[Start of section]

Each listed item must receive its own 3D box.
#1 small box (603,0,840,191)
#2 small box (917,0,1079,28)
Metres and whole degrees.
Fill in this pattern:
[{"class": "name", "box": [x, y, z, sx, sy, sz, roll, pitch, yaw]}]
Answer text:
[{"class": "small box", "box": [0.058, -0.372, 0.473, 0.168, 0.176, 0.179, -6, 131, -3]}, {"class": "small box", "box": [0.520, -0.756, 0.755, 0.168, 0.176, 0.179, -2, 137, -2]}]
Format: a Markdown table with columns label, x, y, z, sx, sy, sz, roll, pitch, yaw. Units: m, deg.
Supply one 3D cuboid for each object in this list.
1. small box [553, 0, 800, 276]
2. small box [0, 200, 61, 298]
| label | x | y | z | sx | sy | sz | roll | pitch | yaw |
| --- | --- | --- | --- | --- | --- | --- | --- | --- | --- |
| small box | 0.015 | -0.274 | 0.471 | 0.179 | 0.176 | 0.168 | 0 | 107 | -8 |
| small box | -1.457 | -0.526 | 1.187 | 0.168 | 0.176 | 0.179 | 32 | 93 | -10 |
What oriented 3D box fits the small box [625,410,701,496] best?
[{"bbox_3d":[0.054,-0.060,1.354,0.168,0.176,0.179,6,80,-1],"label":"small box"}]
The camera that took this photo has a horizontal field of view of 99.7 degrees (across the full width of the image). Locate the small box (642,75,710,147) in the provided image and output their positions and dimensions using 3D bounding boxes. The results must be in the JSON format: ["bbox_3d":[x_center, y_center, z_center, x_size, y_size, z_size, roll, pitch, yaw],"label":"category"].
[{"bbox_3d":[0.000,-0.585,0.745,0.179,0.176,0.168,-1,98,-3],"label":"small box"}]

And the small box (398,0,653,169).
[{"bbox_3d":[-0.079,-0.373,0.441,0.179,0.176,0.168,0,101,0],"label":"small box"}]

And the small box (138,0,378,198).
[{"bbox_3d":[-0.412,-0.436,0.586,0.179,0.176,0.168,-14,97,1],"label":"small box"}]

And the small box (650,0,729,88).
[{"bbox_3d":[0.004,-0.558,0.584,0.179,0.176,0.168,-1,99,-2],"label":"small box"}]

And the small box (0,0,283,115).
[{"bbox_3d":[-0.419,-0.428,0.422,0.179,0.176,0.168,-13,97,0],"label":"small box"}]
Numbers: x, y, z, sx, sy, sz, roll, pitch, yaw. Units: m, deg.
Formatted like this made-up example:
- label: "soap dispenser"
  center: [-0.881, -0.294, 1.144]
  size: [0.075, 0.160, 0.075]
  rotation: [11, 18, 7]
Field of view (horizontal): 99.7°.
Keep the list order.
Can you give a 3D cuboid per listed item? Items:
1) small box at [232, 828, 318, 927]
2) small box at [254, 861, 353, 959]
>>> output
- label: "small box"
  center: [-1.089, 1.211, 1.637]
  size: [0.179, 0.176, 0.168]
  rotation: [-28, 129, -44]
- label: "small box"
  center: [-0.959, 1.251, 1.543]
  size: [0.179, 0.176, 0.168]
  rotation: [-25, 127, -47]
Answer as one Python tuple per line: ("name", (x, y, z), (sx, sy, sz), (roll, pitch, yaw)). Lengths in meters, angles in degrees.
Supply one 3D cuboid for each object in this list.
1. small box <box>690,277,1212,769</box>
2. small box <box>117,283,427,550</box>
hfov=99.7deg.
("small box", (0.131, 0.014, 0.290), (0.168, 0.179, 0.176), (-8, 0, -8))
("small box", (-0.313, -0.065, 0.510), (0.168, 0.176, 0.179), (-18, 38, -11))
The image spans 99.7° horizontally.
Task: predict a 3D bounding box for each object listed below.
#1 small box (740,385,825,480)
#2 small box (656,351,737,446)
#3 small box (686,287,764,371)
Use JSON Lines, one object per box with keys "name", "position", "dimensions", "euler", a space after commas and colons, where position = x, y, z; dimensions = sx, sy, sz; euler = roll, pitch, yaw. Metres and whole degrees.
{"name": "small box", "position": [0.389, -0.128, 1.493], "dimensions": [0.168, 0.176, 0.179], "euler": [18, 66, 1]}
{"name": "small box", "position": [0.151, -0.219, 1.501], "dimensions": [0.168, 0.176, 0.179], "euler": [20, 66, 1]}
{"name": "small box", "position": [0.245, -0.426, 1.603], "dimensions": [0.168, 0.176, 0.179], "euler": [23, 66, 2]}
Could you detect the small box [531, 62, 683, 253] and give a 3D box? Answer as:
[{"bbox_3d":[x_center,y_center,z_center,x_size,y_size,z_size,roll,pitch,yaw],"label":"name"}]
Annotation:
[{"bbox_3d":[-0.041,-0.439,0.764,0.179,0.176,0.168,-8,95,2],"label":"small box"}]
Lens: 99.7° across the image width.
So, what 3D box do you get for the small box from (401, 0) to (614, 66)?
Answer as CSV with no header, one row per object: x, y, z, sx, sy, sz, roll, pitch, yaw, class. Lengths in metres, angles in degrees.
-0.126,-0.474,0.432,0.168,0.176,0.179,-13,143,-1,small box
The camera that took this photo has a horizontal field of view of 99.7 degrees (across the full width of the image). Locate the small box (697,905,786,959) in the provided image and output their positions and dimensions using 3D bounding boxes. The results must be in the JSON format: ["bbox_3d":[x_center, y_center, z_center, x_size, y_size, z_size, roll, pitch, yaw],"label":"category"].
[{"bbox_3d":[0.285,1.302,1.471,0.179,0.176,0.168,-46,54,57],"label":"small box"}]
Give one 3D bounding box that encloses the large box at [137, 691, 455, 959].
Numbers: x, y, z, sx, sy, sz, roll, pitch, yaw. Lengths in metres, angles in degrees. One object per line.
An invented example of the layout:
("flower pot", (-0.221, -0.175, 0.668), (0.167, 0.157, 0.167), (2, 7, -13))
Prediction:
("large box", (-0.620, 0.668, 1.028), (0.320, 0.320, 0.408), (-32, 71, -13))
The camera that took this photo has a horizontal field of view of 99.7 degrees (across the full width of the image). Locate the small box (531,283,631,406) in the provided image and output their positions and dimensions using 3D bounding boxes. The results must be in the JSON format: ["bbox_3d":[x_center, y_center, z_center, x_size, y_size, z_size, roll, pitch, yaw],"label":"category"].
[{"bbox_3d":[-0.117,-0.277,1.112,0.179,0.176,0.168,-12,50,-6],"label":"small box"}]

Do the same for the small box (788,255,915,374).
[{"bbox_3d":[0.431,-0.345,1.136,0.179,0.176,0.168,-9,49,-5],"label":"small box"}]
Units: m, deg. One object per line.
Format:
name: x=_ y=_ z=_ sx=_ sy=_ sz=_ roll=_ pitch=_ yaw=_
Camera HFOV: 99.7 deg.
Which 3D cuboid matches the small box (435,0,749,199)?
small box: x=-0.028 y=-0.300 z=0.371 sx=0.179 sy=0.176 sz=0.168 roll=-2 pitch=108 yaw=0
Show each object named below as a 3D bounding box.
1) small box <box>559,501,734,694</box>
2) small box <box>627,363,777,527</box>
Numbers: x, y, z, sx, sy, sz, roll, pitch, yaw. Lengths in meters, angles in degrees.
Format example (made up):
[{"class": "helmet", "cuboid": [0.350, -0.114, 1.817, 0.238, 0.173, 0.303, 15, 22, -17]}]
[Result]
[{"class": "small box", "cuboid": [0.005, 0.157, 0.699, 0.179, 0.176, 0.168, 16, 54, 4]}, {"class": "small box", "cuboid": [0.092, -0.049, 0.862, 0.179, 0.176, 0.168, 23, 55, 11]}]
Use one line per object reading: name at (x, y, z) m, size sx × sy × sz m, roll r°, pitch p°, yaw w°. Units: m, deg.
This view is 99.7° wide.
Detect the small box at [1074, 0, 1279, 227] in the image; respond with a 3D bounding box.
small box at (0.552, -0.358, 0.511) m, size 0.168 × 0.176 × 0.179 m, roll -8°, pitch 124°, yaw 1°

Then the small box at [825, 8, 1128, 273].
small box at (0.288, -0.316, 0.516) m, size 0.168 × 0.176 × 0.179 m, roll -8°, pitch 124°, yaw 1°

[End of section]

Take the word "made" and find each line of the material that contains it. Copy those lines.

Formatted like this made-up example:
Format example (made up):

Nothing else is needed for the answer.